Natural course of clinically localized prostate adenocarcinoma in men less than 70 years old.

作者信息

Adolfsson J, Carstensen J

机构信息

Department of Urology, Karolinska Hospital, Stockholm, Sweden.

出版信息

J Urol. 1991 Jul;146(1):96-8. doi: 10.1016/s0022-5347(17)37722-4.

Abstract

A total of 61 patients, less than 70 years old at diagnosis, with clinical stage T1-2, NX, M0, cytologically well or moderately differentiated prostate adenocarcinoma was prospectively included in a surveillance study. Median patient age was 63 years (range 38 to 69 years). Mean followup was 96 +/- 24 months.
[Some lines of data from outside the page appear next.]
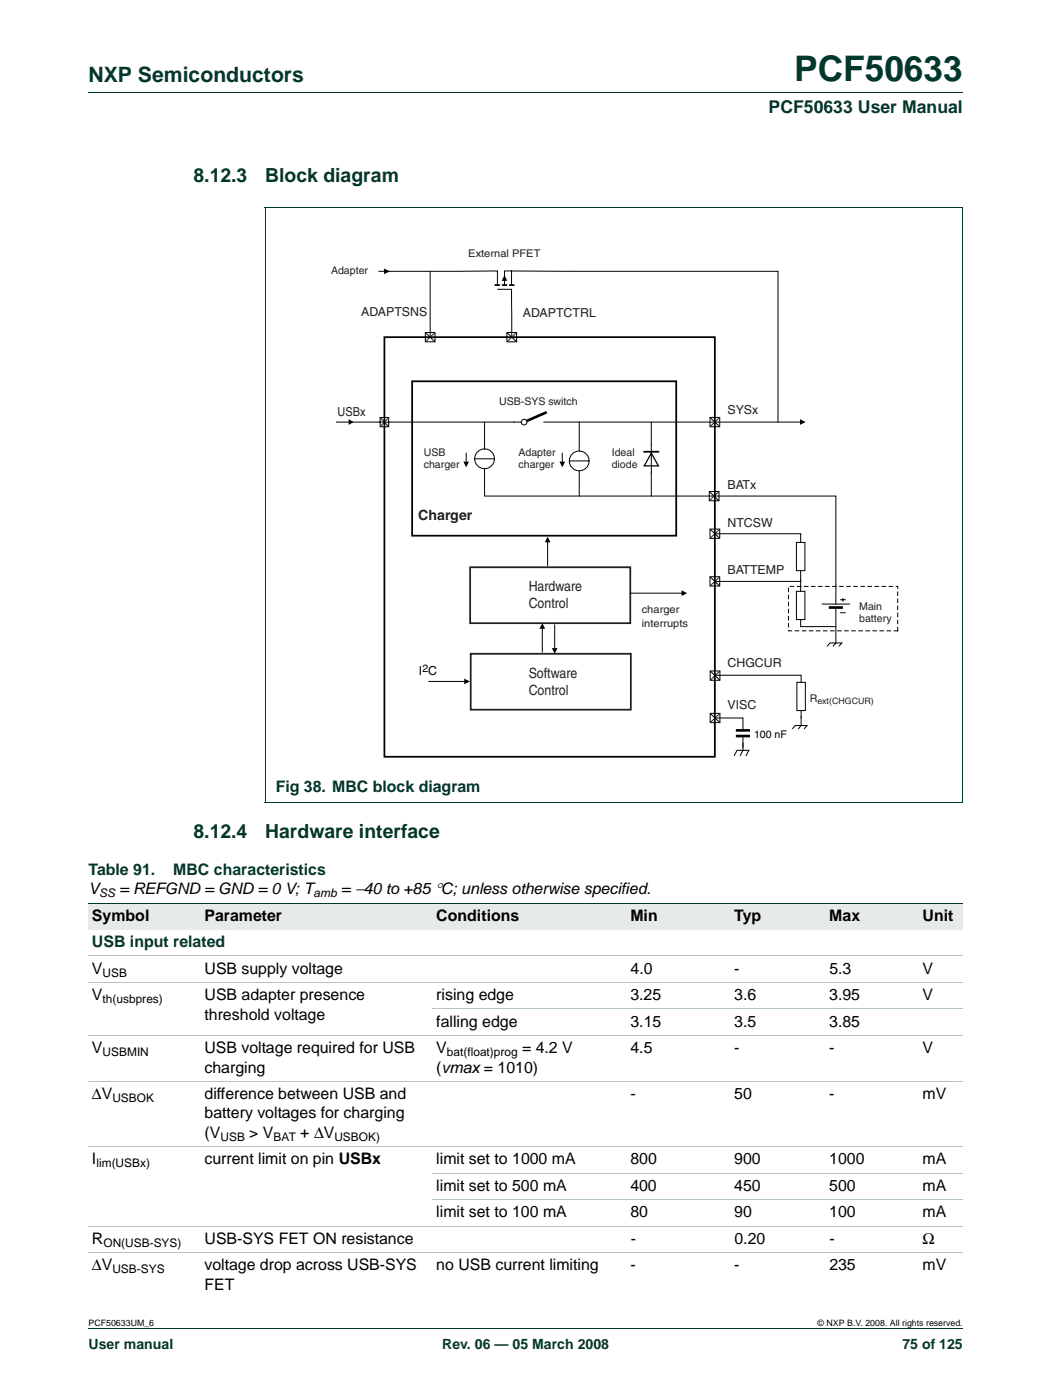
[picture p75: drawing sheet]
<svg xmlns="http://www.w3.org/2000/svg" width="210mm" height="280mm" viewBox="0 0 210 280" stroke-linecap="round" stroke-linejoin="round" font-family="sans-serif">
<defs><g id="words">
<text font-size="7" fill="#00382b" x="158.6" y="16.2">PCF50633</text>
<text font-size="4.2" fill="#00382b" x="17.7" y="16.4">NXP Semiconductors</text>
<g font-size="3.9" fill="#00382b">
<text x="38.7" y="36.3">8.12.3</text>
<text x="53" y="36.3">Block diagram</text>
<text x="38.7" y="167.5">8.12.4</text>
<text x="52.9" y="167.5">Hardware interface</text>
</g>
<text font-size="3.5" fill="#00382b" x="153.5" y="22.6">PCF50633 User Manual</text>
<g font-size="3.2" fill="#00382b">
<text x="55.1" y="158.2">Fig 38. MBC block diagram</text>
<text x="17.7" y="174.8">Table 91.</text>
<text x="34.6" y="174.8">MBC characteristics</text>
<text x="18.4" y="189.3">USB input related</text>
</g>
<g font-size="3.2">
<text x="17.7" y="178.7">V</text>
<text x="23.8" y="178.7">= REFGND = GND = 0 V; T</text>
<text x="68.2" y="178.7">= −40 to +85 °C; unless otherwise specified.</text>
<text x="18.4" y="184">Symbol</text>
<text x="40.9" y="184">Parameter</text>
<text x="87.1" y="184">Conditions</text>
<text x="125.9" y="184">Min</text>
<text x="146.6" y="184">Typ</text>
<text x="165.6" y="184">Max</text>
<text x="184.3" y="184">Unit</text>
<text x="18.4" y="194.6">V</text>
<text x="40.9" y="194.6">USB supply voltage</text>
<text x="125.9" y="194.6">4.0</text>
<text x="146.7" y="194.6">-</text>
<text x="165.6" y="194.6">5.3</text>
<text x="184.3" y="194.6">V</text>
<text x="18.4" y="199.9">V</text>
<text x="40.9" y="199.9">USB adapter presence</text>
<text x="40.9" y="203.7">threshold voltage</text>
<text x="87.1" y="199.9">rising edge</text>
<text x="125.9" y="199.9">3.25</text>
<text x="146.6" y="199.9">3.6</text>
<text x="165.6" y="199.9">3.95</text>
<text x="184.2" y="199.9">V</text>
<text x="87.1" y="205.1">falling edge</text>
<text x="125.9" y="205.1">3.15</text>
<text x="146.6" y="205.1">3.5</text>
<text x="165.6" y="205.1">3.85</text>
<text x="18.4" y="210.4">V</text>
<text x="40.9" y="210.4">USB voltage required for USB</text>
<text x="40.9" y="214.3">charging</text>
<text x="87.1" y="210.4">V</text>
<text x="87.1" y="214.3">(vmax = 1010)</text>
<text x="104.3" y="210.4">= 4.2 V</text>
<text x="125.9" y="210.4">4.5</text>
<text x="146.6" y="210.4">-</text>
<text x="165.6" y="210.4">-</text>
<text x="184.3" y="210.4">V</text>
<text x="18.4" y="219.6">ΔV</text>
<text x="40.9" y="219.6">difference between USB and</text>
<text x="125.9" y="219.6">-</text>
<text x="146.6" y="219.6">50</text>
<text x="165.6" y="219.6">-</text>
<text x="184.3" y="219.6">mV</text>
<text x="40.9" y="223.5">battery voltages for charging</text>
<text x="40.9" y="227.4">(V</text>
<text x="49.8" y="227.4">&gt; V</text>
<text x="60" y="227.4">+ ΔV</text>
<text x="18.4" y="232.7">I</text>
<text x="40.9" y="232.7">current limit on pin USBx</text>
<text x="87.1" y="232.7">limit set to 1000 mA</text>
<text x="125.9" y="232.7">800</text>
<text x="146.6" y="232.7">900</text>
<text x="165.6" y="232.7">1000</text>
<text x="184.3" y="232.7">mA</text>
<text x="87.1" y="238">limit set to 500 mA</text>
<text x="125.9" y="238">400</text>
<text x="146.6" y="238">450</text>
<text x="165.6" y="238">500</text>
<text x="184.2" y="238">mA</text>
<text x="87.1" y="243.2">limit set to 100 mA</text>
<text x="125.9" y="243.2">80</text>
<text x="146.6" y="243.2">90</text>
<text x="165.6" y="243.2">100</text>
<text x="184.2" y="243.2">mA</text>
<text x="18.4" y="248.5">R</text>
<text x="40.9" y="248.5">USB-SYS FET ON resistance</text>
<text x="126" y="248.5">-</text>
<text x="146.7" y="248.5">0.20</text>
<text x="165.7" y="248.5">-</text>
<text x="184.3" y="248.5">Ω</text>
<text x="18.4" y="253.8">ΔV</text>
<text x="40.9" y="253.8">voltage drop across USB-SYS</text>
<text x="40.9" y="257.7">FET</text>
<text x="87.1" y="253.8">no USB current limiting</text>
<text x="125.9" y="253.8">-</text>
<text x="146.6" y="253.8">-</text>
<text x="165.6" y="253.8">235</text>
<text x="184.3" y="253.8">mV</text>
</g>
<g font-size="2.8" fill="#231f20">
<text x="83.5" y="103.9">Charger</text>
<text x="105.6" y="118.2">Hardware</text>
<text x="105.6" y="121.5">Control</text>
<text x="105.6" y="135.5">Software</text>
<text x="105.6" y="138.8">Control</text>
</g>
<g font-size="2.8" fill="#00382b">
<text x="17.7" y="269.5">User manual</text>
<text x="88.3" y="269.5">Rev. 06 — 05 March 2008</text>
<text x="180.2" y="269.5">75 of 125</text>
</g>
<g font-size="2.5" fill="#231f20">
<text x="72.2" y="63.2">ADAPTSNS</text>
<text x="104.4" y="63.3">ADAPTCTRL</text>
<text x="67.4" y="83.1">USBx</text>
<text x="145.3" y="82.8">SYSx</text>
<text x="145.3" y="97.8">BATx</text>
<text x="145.3" y="105.4">NTCSW</text>
<text x="145.3" y="114.6">BATTEMP</text>
<text x="145.3" y="133.3">CHGCUR</text>
<text x="145.3" y="141.8">VISC</text>
</g>
<text font-size="2.5" x="83.7" y="134.9">I C</text>
<g font-size="2.4">
<text x="19.8" y="179.3">SS</text>
<text x="62.6" y="179.3">amb</text>
<text x="20.5" y="195.1">USB</text>
<text x="20.5" y="200.4">th(usbpres)</text>
<text x="20.5" y="211">USBMIN</text>
<text x="89.3" y="211">bat(float)prog</text>
<text x="22.4" y="220.2">USBOK</text>
<text x="44" y="227.9">USB</text>
<text x="54.7" y="227.9">BAT</text>
<text x="66.8" y="227.9">USBOK)</text>
<text x="19.3" y="233.2">lim(USBx)</text>
<text x="20.7" y="249.1">ON(USB-SYS)</text>
<text x="22.4" y="254.4">USB-SYS</text>
</g>
<g font-size="2.1" fill="#231f20">
<text x="93.5" y="51.4">External PFET</text>
<text x="66.1" y="54.8">Adapter</text>
<text x="99.7" y="80.9">USB-SYS switch</text>
<text x="84.6" y="91.1">USB</text>
<text x="84.6" y="93.6">charger</text>
<text x="103.5" y="91.1">Adapter</text>
<text x="103.5" y="93.6">charger</text>
<text x="122.2" y="91.1">Ideal</text>
<text x="122.2" y="93.6">diode</text>
<text x="128.2" y="122.5">charger</text>
<text x="128.2" y="125.3">interrupts</text>
<text x="171.6" y="121.9">Main</text>
<text x="171.6" y="124.4">battery</text>
<text x="161.8" y="140.4">R</text>
</g>
<g font-size="2.1">
<text x="84.3" y="134.2">2</text>
<text x="150.6" y="147.4">100 nF</text>
</g>
<text font-size="1.8" fill="#231f20" x="163.3" y="140.7">ext(CHGCUR)</text>
<g font-size="1.8">
<text x="17.7" y="264.9">PCF50633UM_6</text>
<text x="163.3" y="264.9">© NXP B.V. 2008. All rights reserved.</text>
</g>
</g></defs>
<path d="M17.7 18.5h174.6M52.9 41.4h139.4M53 41.5v118.8M192.3 41.5v118.8M52.9 160.3h139.4M17.7 265.5h174.6" fill="none" stroke="#00382b" stroke-width=".2"/>
<path d="M82.3 76.2h52.8v30.8h-52.8zM128.7 90.3h2.8" fill="none" stroke="#000" stroke-width=".35"/>
<g fill="none" stroke="#000" stroke-width=".2">
<path d="M93.1 90.6v2.1M94.8 91.7h4M102.7 84.3h-5.9v5.4M112.3 90.6v2.1M113.7 92.1h4M115.7 84.3v5.8M115.7 94.1v5M130.1 88.9v10.2h-33.3v-5.4"/>
<circle cx="96.8" cy="91.7" r="1.98"/>
<circle cx="115.7" cy="92.1" r="1.98"/>
</g>
<path d="M130.1 90.6l1.4 2.5h-2.8z" fill="none" stroke="#000" stroke-width=".25"/>
<path d="M92.5 92.2h1.2l-.6 1.2zM111.7 92.2h1.2l-.6 1.2z" fill="#000"/>
<path d="M109.2 82.4l-4.5 1.9" fill="none" stroke="#000" stroke-width=".53"/>
<circle cx="104.7" cy="84.3" r=".56" fill="#fff" stroke="#000" stroke-width=".2"/>
<g fill="none" stroke="#000" stroke-width=".2">
<path d="M75.7 54.2l23.6-.1v2.9M85.9 54.2v13.2M99.3 57.8h2.9v9.6M100.8 57v-2.9l54.6 .1v30.1M102.2 54.1v2.9M84.9 66.4h2v1.9h-2zM84.9 66.4l2 1.9M101.2 66.4h2v1.9h-2zM101.2 66.4l2 1.9M67.1 84.3h29.7M75.9 83.4h1.7v1.9h-1.7zM75.9 83.4l1.7 1.9"/>
<path d="M102.7 84.3h1.4M108.6 84.3h21.5v4.6M130.1 99.1h36.8v18.1M141.7 98.2h1.9v1.9h-1.9zM141.7 98.2l1.9 1.9M141.8 83.4h1.9v1.9h-1.9zM141.8 83.4l1.9 1.9M109.4 107.9v5.1M125.9 118.5h10.6M141.8 105.7h1.9v1.9h-1.9zM141.8 115.3h1.9v1.8h-1.9zM141.8 105.7l1.9 1.9"/>
<path d="M141.8 115.3l1.9 1.8M142.8 106.7h17.1v1.7M159.1 108.4h1.7v5.6h-1.7zM159.1 118.2h1.7v5.6h-1.7zM159.9 115.7v.5h-17.1M159.9 114v1.8M159.9 116.2v2M166.9 117.1v3.6M167.8 119.8h1.1M168.3 119.5v.7M85.7 136.2h7.4M108.3 125.2v5.1"/>
<path d="M110.8 124.9v5M141.8 134.1h2v1.8h-2zM141.8 134.1l2 1.8M142.8 134.9h17.2v1.4M159.2 136.3h1.6v5.7h-1.6zM159.9 123.8v1.4h7M164.1 120.7h5.7M165.2 129.2l.6-.7h2.3l-.6 .7M166.9 121.4v7.1l-.6 .7M167.8 122.4h1.1M141.8 142.5h2v1.9h-2zM141.8 142.5l2 1.9"/>
<path d="M142.8 143.5h5.6v2.4M146.6 151.1l.6-1.2h2.4l-.6 1.2M148.4 147.1v2.8l-.6 1.2M158.2 145.7l.6-.7h2.4l-.6 .7M160 142v3l-.6 .7"/>
</g>
<path d="M76.7 53.7l1.1 .5-1.1 .6zM100.8 55l.5 1.1h-1.1zM69.6 83.8l1 .5-1 .6zM159.8 83.8l1.1 .5-1.1 .6zM109.4 107.2l.5 1.2h-1.1zM136.1 118l1.1 .5-1.1 .6zM92.7 135.6l1.1 .6-1.1 .5zM108.3 124.5l.6 1.2h-1.2zM110.2 129.5h1.1l-.5 1.1z" fill="#000"/>
<path d="M86.9 66.4l-2 1.9M103.2 66.4l-2 1.9M77.6 83.4l-1.7 1.9M143.6 98.2l-1.9 1.9M143.7 83.4l-1.9 1.9M143.7 105.7l-1.9 1.9M143.7 115.3l-1.9 1.8M143.8 134.1l-2 1.8M143.8 142.5l-2 1.9" fill="none" stroke="#231f20" stroke-width=".2"/>
<path d="M165.5 121.4h2.8M147 145.9h2.8M147 147.1h2.8" fill="none" stroke="#000" stroke-width=".53"/>
<path d="M93.9 113.4h32v11.1h-32zM94 130.6h32v11.2h-32z" fill="none" stroke="#231f20" stroke-width=".35"/>
<path d="M98.8 57h1M100.2 57h1.1M101.7 57h1M76.8 67.4h66v83.8h-66z" fill="none" stroke="#000" stroke-width=".35"/>
<path d="M130.1 84.3h29.9z" fill="#000" stroke="#000" stroke-width=".2"/>
<path d="M157.5 117.2h21.8v8.9h-21.8z" fill="none" stroke="#000" stroke-width=".2" stroke-dasharray=".7"/>
<g fill="#e6ebe9">
<path d="M17.7 180.4h22.5v5.3h-22.5z"/>
<path d="M40.2 180.4h46.2v5.3h-46.2z"/>
<path d="M86.4 180.4h35.2v5.3h-35.2z"/>
<path d="M121.6 180.4h24.3v5.3h-24.3z"/>
<path d="M145.9 180.4h19v5.3h-19z"/>
<path d="M164.9 180.4h18.7v5.3h-18.7z"/>
<path d="M183.6 180.4h8.7v5.3h-8.7z"/>
</g>
<path d="M17.7 180.4h174.6" fill="none" stroke="#00382b" stroke-width=".2"/>
<path d="M17.7 191h174.6M17.7 196.3h174.6M17.7 206.9h174.6M17.7 216.1h174.6M86.4 201.6h105.9M17.7 229.1h174.6M86.4 234.4h105.9M86.4 239.7h105.9M17.7 245h174.6M17.7 250.3h174.6" fill="none" stroke="#b3c3bf" stroke-width=".2"/>
<use href="#words"/>
</svg>

The probability of local progression to stage T3 disease after 5 and 10 years was 49 and 72%, respectively. The probability of metastases developing after 5 and 10 years was 8 and 23%, respectively. The probability of dying of prostate adenocarcinoma was 2 and 8%, respectively. Moderately differentiated cancer progressed locally significantly faster than well differentiated disease. The relative number of patients who had metastases or died of prostate adenocarcinoma found in our study was comparable to the relative numbers reported after radical prostatectomy and radiation therapy. Therefore, deferred therapy may be an alternative to active therapy in patients with clinically localized prostate adenocarcinoma and with a life expectancy of less than 10 years.

摘要

共有61例诊断时年龄小于70岁、临床分期为T1 - 2、NX、M0、细胞学分级为高分化或中分化的前列腺腺癌患者被前瞻性纳入一项监测研究。患者中位年龄为63岁(范围38至69岁)。平均随访时间为96±24个月。5年和10年后局部进展至T3期疾病的概率分别为49%和72%。5年和10年后发生转移的概率分别为8%和23%。死于前列腺腺癌的概率分别为2%和8%。中分化癌局部进展明显快于高分化疾病。在我们的研究中发现发生转移或死于前列腺腺癌的患者相对数量与前列腺癌根治术和放疗后报告的相对数量相当。因此,对于临床局限性前列腺腺癌且预期寿命小于10年的患者,延迟治疗可能是积极治疗的一种替代方案。